Udo: Ja, es gibt Sachen, die man nicht sieht, aber die dennoch da sind, denn hinter dem Horizont geht es ja auch weiter. Und wie es weitergeht, kommt ja auch ein bisschen auf einen selber an. Darauf, welche Weichen man stellt. Das kann sich auf alles Mögliche beziehen, die nächste Stadt, das nächste Abenteuer, die nächste Stufe deines Lebens, Hermann-Hesse-mäßig gesehen oder eben auch auf das Leben nach dem Tod. Ich glaube, dass es weitergeht, und ich will es auch glauben. Sonst ist es so finster, und das mag ich nicht. Ich habe den Eindruck, dass in besonders harten Situationen ein Zeichen kommt, das mir sagt: Keine Panik, Alter, es geht prima weiter, hinterm Horizont. Die Party geht weiter!

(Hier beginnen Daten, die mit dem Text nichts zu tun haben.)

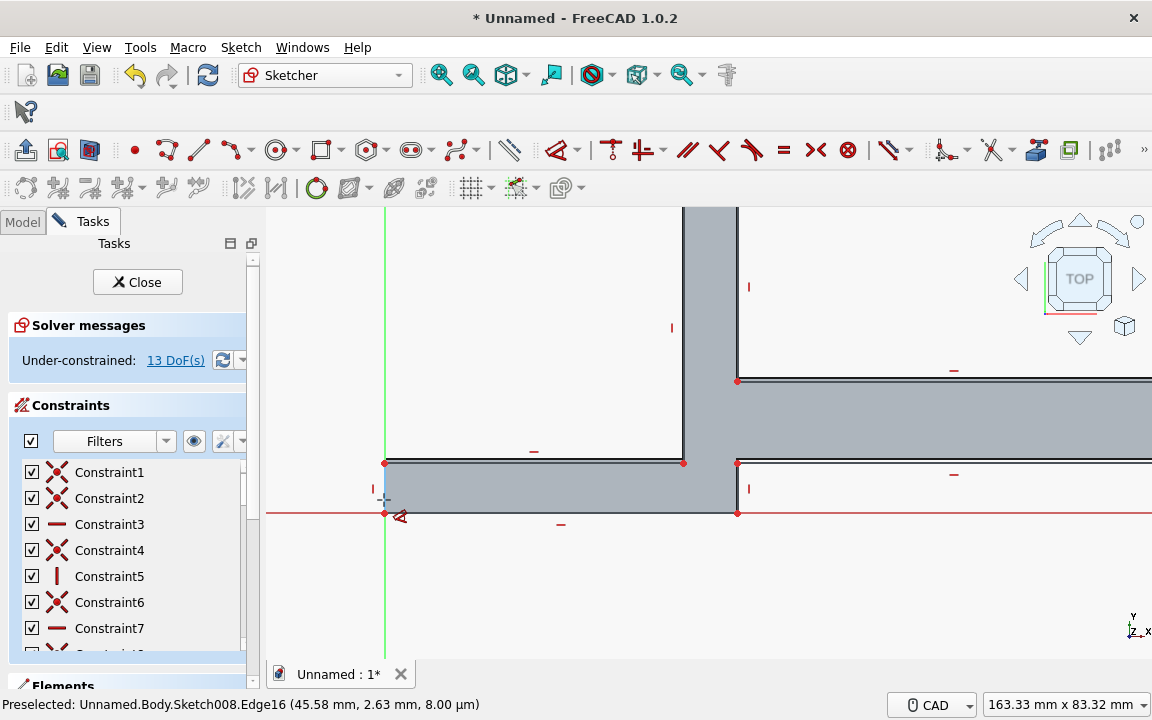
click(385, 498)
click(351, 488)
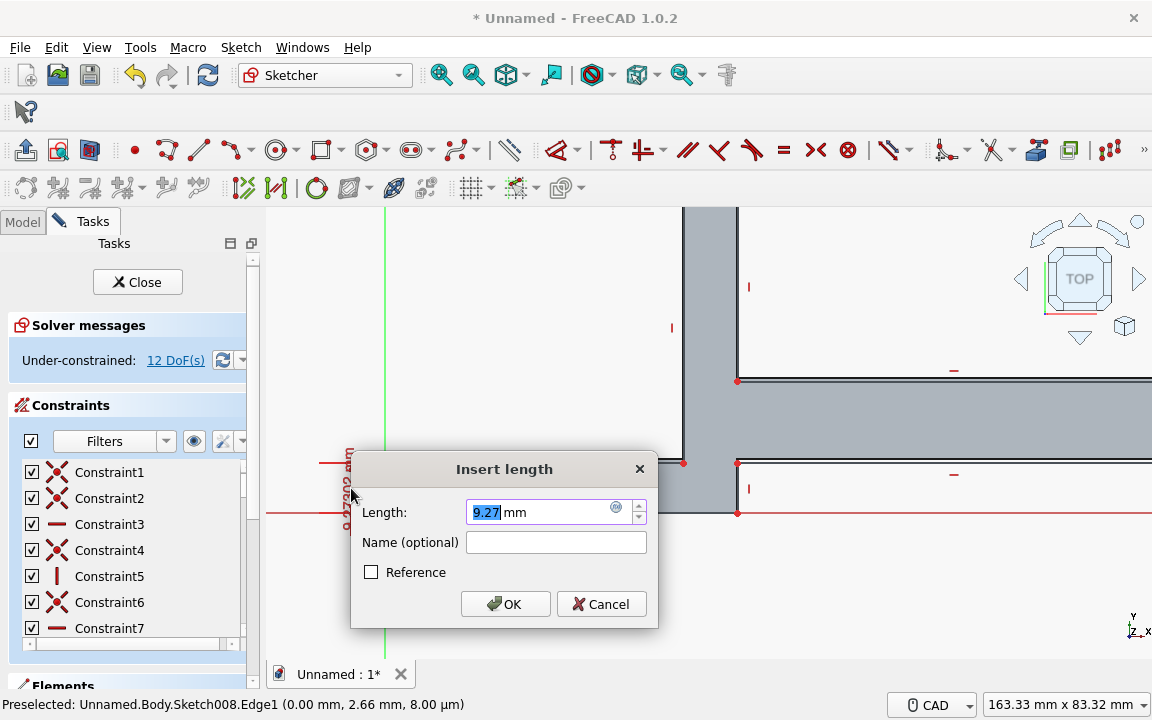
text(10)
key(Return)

Hinz&Kunzt: Und was machen Sie in harten Situationen?
Udo: Wichtig ist, sich Freundschaften aufzubauen. Das ist wichtiger als eine Liebesbeziehung. Wenn der Himmel voller Geigen hängt, ist es natürlich auch schön, aber so eine Liebe ist meistens ein bisschen brüchig und kann auch schnell wieder zu Ende sein. Aber eine Freundschaft ist ein Fundament, das ist so stabil, das bleibt dir immer. In harten Zeiten Freunde zu haben und auch in guten ist wichtig.
Hinz&Kunzt: Haben Sie viele Freunde?
Udo: Ja, ich habe Freunde, von denen ich weiß, egal, was passiert, wenn ich sie anrufe, egal wo sie sind, wenn ich die jetzt echt brauche, dann kommen sie. Und ich bin auch so einer. Wenn mich jetzt ein Kumpel anruft, aus London, und sagt: „Ich brauch dich jetzt hier“, dann bin ich auch da. Besonders wichtig ist das, wenn die Leute in Grenz-bereichen leben, in speziellen Situationen, so wie viele von euren Verkäufern.